— Не скажу! — буркнул Фокин.
— Ага, это уже правильный подход, — демонстративно обрадовалась Клава. — Вы знаете, но не скажете. Вы выбираете себе жизнь мученика за идею, хотя и понимаете, что вас элементарно подставили.
— Почему это подставили? — Эрик Иванович хорохорился из последних сил, но все слабее и слабее.
— Ну, неужели не понятно? Вы ведь отнюдь не энамп, вы не имеете потребности в том, в чем нуждаются те, кто хочет быть вашим кукловодом.

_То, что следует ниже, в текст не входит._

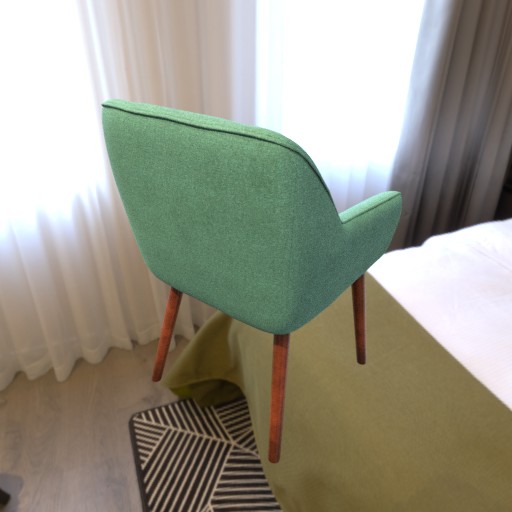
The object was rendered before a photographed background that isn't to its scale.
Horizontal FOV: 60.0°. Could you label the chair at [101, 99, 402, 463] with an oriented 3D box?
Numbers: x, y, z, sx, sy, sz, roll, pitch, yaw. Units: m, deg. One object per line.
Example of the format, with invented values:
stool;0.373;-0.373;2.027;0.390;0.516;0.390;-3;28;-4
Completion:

— С чего вы взяли? Я не пешка и не кукла! Я, если вы хотите… — Фокин вскочил со своей тумбочки, чтобы казаться выше, — я с самим канцлером Силь…
И тут он вдруг застыл, лицо неестественно побледнело. Фокин схватился за грудь, словно там запылал адский огонь, и рухнул на пол. Клаве не понадобилось много времени, чтобы понять, что он мертв. Она тихо под нос выругалась и вышла из камеры.
— Надо же быть такой дурой! — Клава, как только вошла в комнату наблюдения, где ее ждал Вадим, швырнула папку, с которой она ходила на допрос, так что листы полетели во все стороны. — Ведь подозревала, что у него стоит психоблок, но сама не проверила. Вернее, даже не подумала, что там может быть смертельный блок.
— Да ладно, не кори себя, — успокоил ее Малахов. — Одной гнидой меньше, а новые не заставят себя долго ждать. С другой стороны, ты теперь понимаешь, с кем имеешь дело.
— Да, я имела дело со слабовольным человеком. Насколько я понимаю, вернее, поняла, у этих твоих вампиров очень хитрая система. Они создали вокруг себя некую прослойку из людей, которые не относятся к их касте, однако стремятся. Вот они и есть их расходный материал. Ведь как этот Фокин в машине сидел, как босс! Даже не шелохнулся, когда пошла стрельба. Прямо Падрино какой-то. А в итоге — болванчик в чужой игре.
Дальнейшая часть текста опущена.